Правда красивая? По-моему, очень изящная...
Мой рисунок ходит по рукам.
- Дай-ка его мне, - просит тетя Зина, - я мужу покажу. Может купит
где-нибудь. А ты себе еще нарисуешь.
- Пожалуйста...
И только когда листок уже готов скрыться в кармане халата тети Зины,
я замечаю на нем нарисованный шкаф, тумбочку, столик - в общем, какой-то
мебельный гарнитур, видимо импортный. Линии прямые, вытянутые...
Я рисую друга. Мы знакомы уже много лет. Пожалуй, тут уж трудно в
чем-нибудь ошибиться. Я знаю каждую черту не только лица его, но, кажется,
даже души. Мы знакомы с восьмого класса... Хотя, нет - в восьмом мы уже
стали лучшими друзьями. А познакомились намного раньше - в пятом,
кажется...
Он сидит на кушетке, скрестив ноги, как тибетский монах в позе
лотоса; его босые ступни торчат в разные стороны, и сам он улыбается.

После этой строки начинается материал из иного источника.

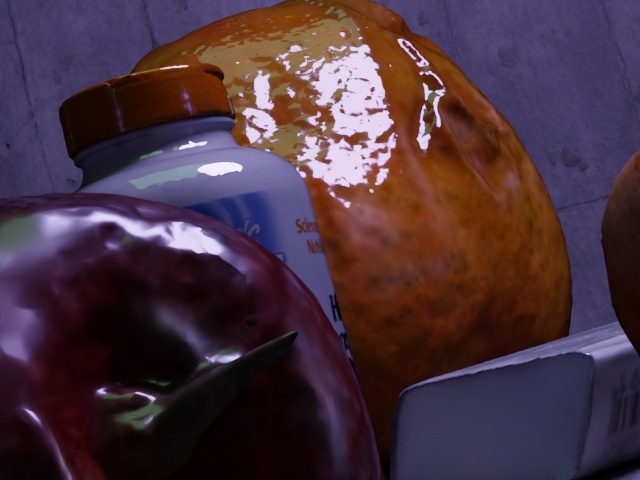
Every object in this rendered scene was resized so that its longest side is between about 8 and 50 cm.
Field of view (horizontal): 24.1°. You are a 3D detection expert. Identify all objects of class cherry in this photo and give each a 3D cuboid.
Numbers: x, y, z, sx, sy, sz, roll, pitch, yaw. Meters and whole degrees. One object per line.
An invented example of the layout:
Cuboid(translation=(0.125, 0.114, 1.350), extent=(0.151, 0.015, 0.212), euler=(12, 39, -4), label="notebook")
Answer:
Cuboid(translation=(-0.108, 0.093, 0.545), extent=(0.230, 0.203, 0.300), euler=(-14, -17, -37), label="cherry")

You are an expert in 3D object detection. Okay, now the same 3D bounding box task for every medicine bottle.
Cuboid(translation=(-0.066, 0.051, 0.845), extent=(0.157, 0.289, 0.157), euler=(-15, -4, -1), label="medicine bottle")

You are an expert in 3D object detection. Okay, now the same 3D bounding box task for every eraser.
Cuboid(translation=(0.250, 0.089, 1.061), extent=(0.397, 0.082, 0.213), euler=(-12, -4, -38), label="eraser")

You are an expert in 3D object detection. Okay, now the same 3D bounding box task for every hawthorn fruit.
Cuboid(translation=(0.000, 0.000, 1.358), extent=(0.471, 0.472, 0.472), euler=(-15, -4, -1), label="hawthorn fruit")

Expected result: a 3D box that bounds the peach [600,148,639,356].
Cuboid(translation=(0.276, 0.003, 0.743), extent=(0.232, 0.256, 0.232), euler=(-50, -19, -24), label="peach")
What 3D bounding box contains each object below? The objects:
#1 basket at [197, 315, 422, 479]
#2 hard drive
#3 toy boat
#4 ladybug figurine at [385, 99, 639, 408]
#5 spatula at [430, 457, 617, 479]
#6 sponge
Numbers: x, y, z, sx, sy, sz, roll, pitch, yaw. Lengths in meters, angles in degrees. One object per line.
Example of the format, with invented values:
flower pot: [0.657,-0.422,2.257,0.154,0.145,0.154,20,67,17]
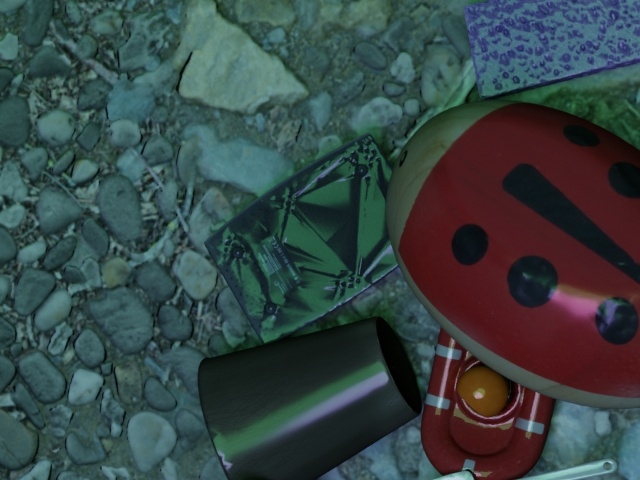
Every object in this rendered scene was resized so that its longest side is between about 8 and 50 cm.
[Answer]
basket: [-0.007,0.191,1.521,0.227,0.154,0.204,-25,69,13]
hard drive: [0.000,0.000,1.578,0.255,0.054,0.172,-34,80,12]
toy boat: [0.193,0.174,1.467,0.151,0.151,0.231,12,91,16]
ladybug figurine: [0.258,-0.004,1.391,0.449,0.162,0.305,38,77,26]
spatula: [0.226,0.330,1.412,0.242,0.019,0.168,-15,70,12]
sponge: [0.284,-0.248,1.520,0.210,0.031,0.117,-12,84,16]
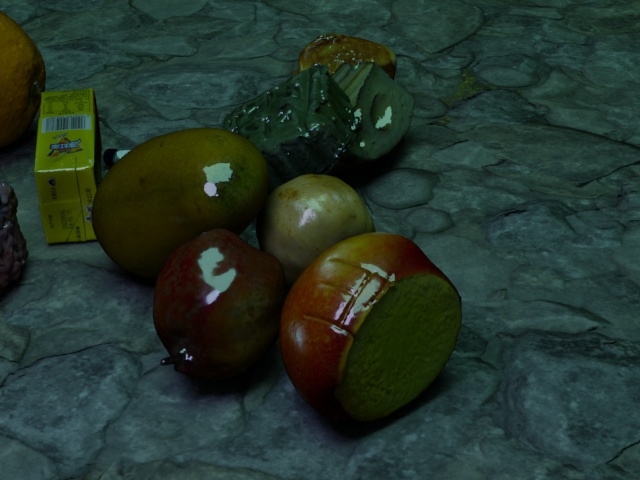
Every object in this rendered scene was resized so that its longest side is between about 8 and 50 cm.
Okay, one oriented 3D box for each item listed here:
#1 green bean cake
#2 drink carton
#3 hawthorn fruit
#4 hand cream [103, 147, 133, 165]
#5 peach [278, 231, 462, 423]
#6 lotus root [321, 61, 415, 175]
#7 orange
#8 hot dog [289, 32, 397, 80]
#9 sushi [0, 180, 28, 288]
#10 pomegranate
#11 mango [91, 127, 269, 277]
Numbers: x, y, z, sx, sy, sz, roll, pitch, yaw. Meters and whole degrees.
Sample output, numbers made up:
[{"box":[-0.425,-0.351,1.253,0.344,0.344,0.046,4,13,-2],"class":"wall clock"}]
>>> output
[{"box":[-0.063,-0.198,2.141,0.255,0.132,0.241,-27,31,21],"class":"green bean cake"},{"box":[-0.468,-0.147,2.147,0.111,0.154,0.351,-7,32,-8],"class":"drink carton"},{"box":[-0.164,0.111,1.692,0.208,0.208,0.248,14,46,23],"class":"hawthorn fruit"},{"box":[-0.357,-0.162,2.258,0.163,0.039,0.062,5,54,29],"class":"hand cream"},{"box":[0.054,0.134,1.633,0.274,0.248,0.245,-46,18,-33],"class":"peach"},{"box":[0.064,-0.227,2.293,0.210,0.142,0.314,-6,42,46],"class":"lotus root"},{"box":[-0.707,-0.328,2.304,0.312,0.312,0.312,0,32,0],"class":"orange"},{"box":[0.034,-0.365,2.507,0.257,0.150,0.153,-23,47,-31],"class":"hot dog"},{"box":[-0.635,-0.008,1.913,0.270,0.170,0.236,-8,33,-3],"class":"sushi"},{"box":[-0.011,-0.008,1.877,0.207,0.207,0.207,0,32,0],"class":"pomegranate"},{"box":[-0.222,-0.068,1.869,0.264,0.221,0.378,-45,19,-33],"class":"mango"}]

Сколько знаю его, всегда он такой - светящийся изнутри; в сероватых глазах
- блеск, на губах - улыбка.
Он сидит посреди своей странной, на первый взгляд неудобной комнаты,
похожей скорее на маленький провинциальный музей. Так кажется не только
потому, что на стенах ее тесно висят плакаты и фотографии, а весь объем
заполнен необычными предметами и композициями: череп в темных очках и
американской кепке, над ним - собака-марионетка с галстуком и медалью,
вместо люстры - корабль... Эта комната похожа на музей еще и тем, что мой
друг почти не живет в ней - он учится в Москве, а сюда приезжает только
летом. И когда его нет, эта комната - будто он сам, будто музей ему, будто
его душа. Мой друг, как и его комната, никогда не скрывает своего
внутреннего содержимого - своих чувств. Но это совсем не значит, что в них
легко разобраться - сам он даже не пытается. Он говорит:
- Нет ничего хуже выясненных отношений. У них нет возможности для
развития. Я люблю двусмысленность ситуаций, дымку, легкий туман, тонкие
намеки, едва заметные ощущения... Однако терпеть не могу лжи и скрытности
- это совсем другое дело.
Я не знаю, насколько он прав.
Я только пытаюсь нарисовать его лицо, как оно есть - старательно
переношу на лист знакомые черты. Вот нос, глаза, длинные волосы... Но все
какое-то другое, не его. Нос короче, губы тоньше, глаза большие, выпуклые
и явно карие - это заметно даже на карандашном рисунке. Длинные ресницы,
совсем другой овал лица, темные волосы чуть вьются... Это девушка, я ее
знаю. Друг знакомил нас как-то в Москве...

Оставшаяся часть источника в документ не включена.